What I cannot create, I do not understand.

Just because you've implemented something, doesn't mean you understand it.

What Git gets right, pt. 1, "stash" and "add --patch"

Earlier this year I started using Git for all my personal projects, only after giving Mercurial a try first. Joel Spolsky’s hginit tutorial and the beginning of Bryan O’Sullivan’s book Mercurial: the Definitive Guide brought me to the light side (distributed version control). In the end I picked Git over Mercurial because of Github (it’s very sweet UI won me over), deployment to Heroku, and because (as far I can tell) Git is a little bit more popular. I’m sure Mercurial is great too, and also puts CVS and SVN to shame, but I really don’t have time in my life for two cutting edge version control systems, at least not right now.

Git (and distributed version control in general) is great for personal projects for a few reasons. Some people think it’s overpowered, but I think they’re wrong (actually, in defense of Mike Taylor, I think he also saw the light). I think distributed systems are way better for small, one-person projects since you don’t need any of the overhead of setting up a server, even if it’s just a server program running on a local machine. To start using Git, all you need to do is install it and then run git init in your project’s directory. I’ve set up CVS locally and it’s a horrible huge pain in the ass in comparison. You don’t want the tool to get in the way and encourage bad practice (like not using version control at all!).

Setting it up is a one-time cost of course, so if you have CVS or SVN already set up, you might not be that compelled to switch to Git. However, there are loads of other things about Git which make it awesome. I’m going to start making a note of these things here as I come across them, because writing about it will help me learn Git and also help remember these things and their use cases.

Tonight I was hacking on some of the exercises from the metacircular evaluator in SICP, and had a pernicious bug due to some changes I had recently made to implement internal definitions. I had my implementation of this mostly completed, but weird things were breaking, unrelated to internal defines. I wanted to go back to an older version, but I didn’t want to commit the changes I had made, since they were obviously broken, but I also didn’t want to throw them out.

I remembered reading about git stash so I looked it up, and indeed that’s what I wanted, the description in the manual pretty much sums it up: “Stash the changes in a dirty working directory away.” Very sweet. You can put a side changes in your working directory and come back to them later.

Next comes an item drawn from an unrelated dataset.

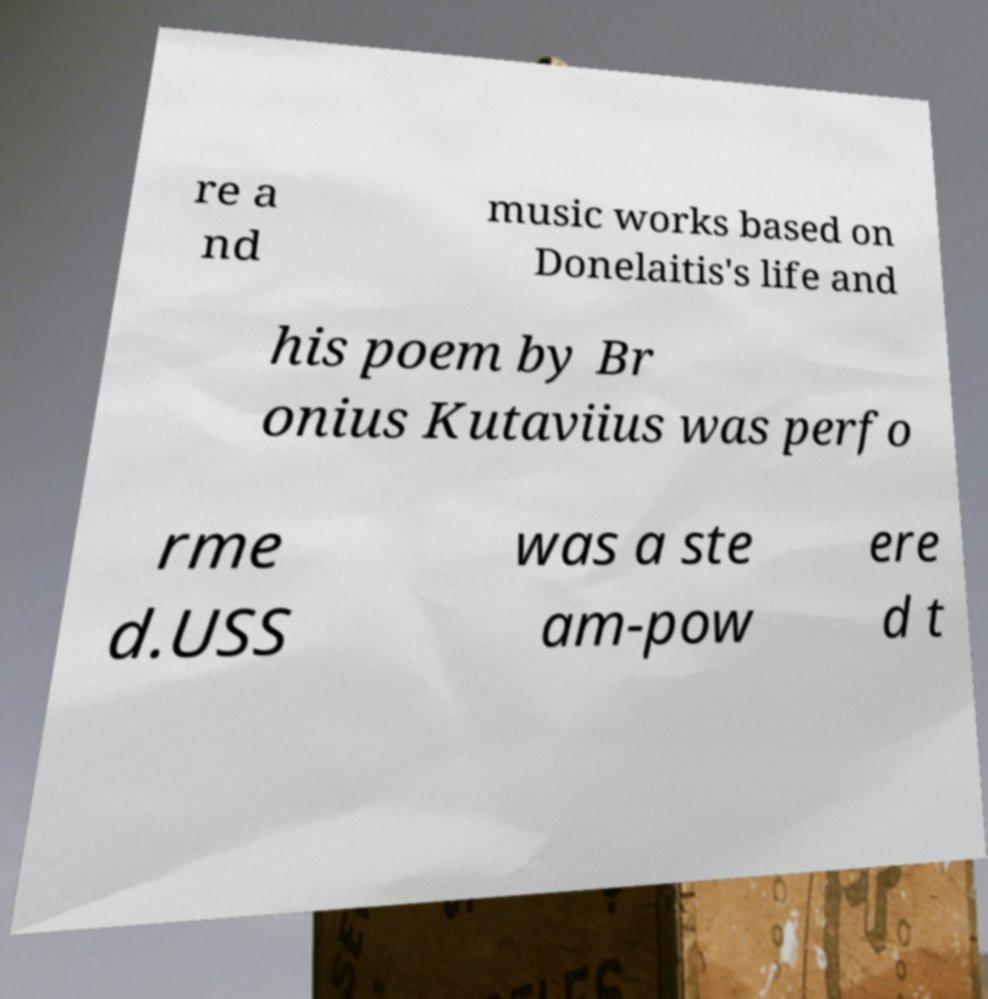Please read and relay the text visible in this image. What does it say? re a nd music works based on Donelaitis's life and his poem by Br onius Kutaviius was perfo rme d.USS was a ste am-pow ere d t

So now I had a the previous version, I could see if it still worked. It did, but after playing around with it a little bit, I found another bug. The metacircular evaluator code from the SICP site is all in one file, which is annoying and should probably be fixed to make hacking around on it easier, but I would like to move on to the lazy evaluator, logic programming, and register machine some day this year, so I don’t spend a whole lot of time making the code really extensible, I’m just playing around and solving as many of the exercises that I can.

My point is, after I fixed the bug in this one, giant file, there were a ton of other changes in it: a bunch of crap I had just messed with and even some debugging printfs. I didn’t want to commit that stuff. I needed to somehow tease the few good lines out of a big file with many more “bad” lines changed.

This time, I wasn’t too sure, but I also had a little deja vu. I had bookmarked Ryan Tomayko’s post from 2008 a little while ago and remembered something about reordering commits after the fact. This wasn’t exactly what I wanted to do, but it was close, and sure enough, his post describes a totally killer feature of Git (apparently present in other modern systems like Mercurial, Darcs and Bazaar), git add --patch. This gives you an interactive dialog which allows you to pick and chose which hunks get added to the index from a given file. It even lets you break a hunk up if need be. It’s totally awesome.

So there are the first two little bits of Git-fu that I’ve stumbled across. There is a certain joy in finding a tool which is powerful and excellently designed, and I think Git falls in this category. I’m really looking forward to learning more and I’ll be posting notes on what else Git gets right when I do.